## Your instructions
Copy all the lines of the data that include the word "pixels".

## Provided material
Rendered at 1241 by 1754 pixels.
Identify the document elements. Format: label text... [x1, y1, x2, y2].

--

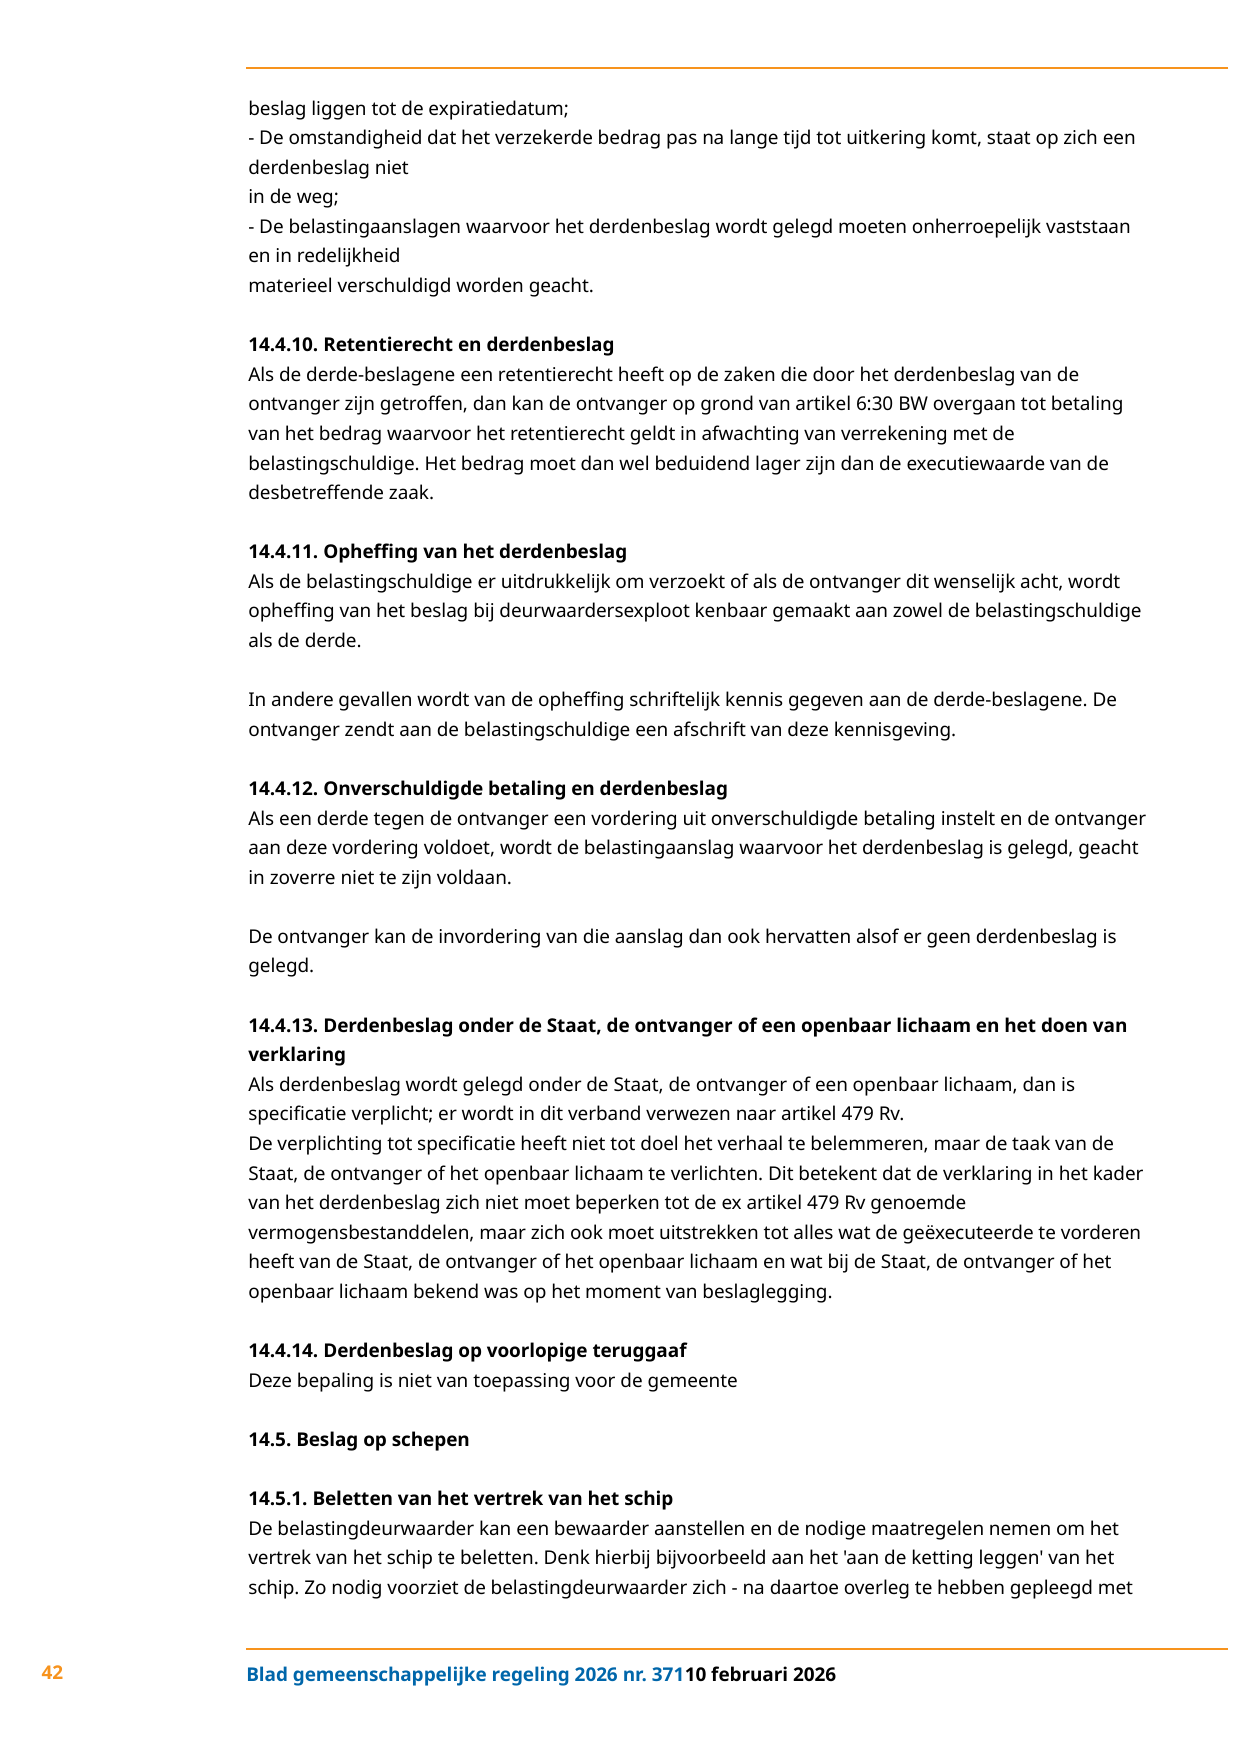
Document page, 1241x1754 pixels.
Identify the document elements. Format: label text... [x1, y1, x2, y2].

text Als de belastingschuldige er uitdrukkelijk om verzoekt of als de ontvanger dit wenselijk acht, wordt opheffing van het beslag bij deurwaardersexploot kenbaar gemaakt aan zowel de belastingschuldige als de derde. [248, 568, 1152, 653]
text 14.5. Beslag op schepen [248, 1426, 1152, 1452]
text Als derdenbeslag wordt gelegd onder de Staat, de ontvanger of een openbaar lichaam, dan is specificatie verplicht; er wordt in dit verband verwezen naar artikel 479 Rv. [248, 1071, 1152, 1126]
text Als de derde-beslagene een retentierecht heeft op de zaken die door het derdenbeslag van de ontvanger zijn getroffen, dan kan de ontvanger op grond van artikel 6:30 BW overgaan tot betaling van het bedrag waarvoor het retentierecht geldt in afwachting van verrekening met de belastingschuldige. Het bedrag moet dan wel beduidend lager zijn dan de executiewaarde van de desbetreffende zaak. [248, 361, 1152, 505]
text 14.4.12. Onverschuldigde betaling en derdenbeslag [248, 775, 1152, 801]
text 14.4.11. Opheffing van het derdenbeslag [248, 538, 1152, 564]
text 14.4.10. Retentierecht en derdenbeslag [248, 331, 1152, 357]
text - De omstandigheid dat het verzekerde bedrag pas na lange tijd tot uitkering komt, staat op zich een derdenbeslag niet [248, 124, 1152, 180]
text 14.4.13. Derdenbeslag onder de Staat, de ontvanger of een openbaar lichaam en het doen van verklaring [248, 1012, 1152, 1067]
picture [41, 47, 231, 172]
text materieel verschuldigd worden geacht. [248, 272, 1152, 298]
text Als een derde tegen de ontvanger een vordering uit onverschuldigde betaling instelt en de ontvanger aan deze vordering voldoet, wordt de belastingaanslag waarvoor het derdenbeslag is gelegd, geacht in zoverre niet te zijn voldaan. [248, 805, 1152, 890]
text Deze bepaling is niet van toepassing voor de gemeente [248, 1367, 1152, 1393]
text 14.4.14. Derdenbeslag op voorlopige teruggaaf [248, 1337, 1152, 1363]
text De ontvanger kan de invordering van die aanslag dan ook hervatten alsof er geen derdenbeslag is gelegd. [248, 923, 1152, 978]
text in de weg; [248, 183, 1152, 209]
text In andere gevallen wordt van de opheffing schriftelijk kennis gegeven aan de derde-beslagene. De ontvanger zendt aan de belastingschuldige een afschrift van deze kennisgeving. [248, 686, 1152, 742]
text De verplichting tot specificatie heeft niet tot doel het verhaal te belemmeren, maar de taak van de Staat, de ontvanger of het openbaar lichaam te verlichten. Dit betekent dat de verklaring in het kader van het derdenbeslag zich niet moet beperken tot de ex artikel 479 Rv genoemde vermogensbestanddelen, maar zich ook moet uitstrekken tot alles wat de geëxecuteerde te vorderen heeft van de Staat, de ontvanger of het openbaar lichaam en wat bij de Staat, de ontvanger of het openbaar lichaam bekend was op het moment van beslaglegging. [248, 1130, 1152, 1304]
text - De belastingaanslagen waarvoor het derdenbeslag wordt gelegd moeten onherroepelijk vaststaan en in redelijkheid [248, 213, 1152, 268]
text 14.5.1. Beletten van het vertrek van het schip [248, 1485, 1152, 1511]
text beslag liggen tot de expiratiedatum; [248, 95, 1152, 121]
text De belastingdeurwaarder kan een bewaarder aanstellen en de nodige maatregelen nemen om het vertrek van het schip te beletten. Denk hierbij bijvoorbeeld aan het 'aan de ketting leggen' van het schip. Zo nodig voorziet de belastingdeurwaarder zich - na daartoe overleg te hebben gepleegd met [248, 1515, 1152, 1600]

## Finished task
Rendered at 1241 by 1754 pixels.
Document page, 1241x1754 pixels.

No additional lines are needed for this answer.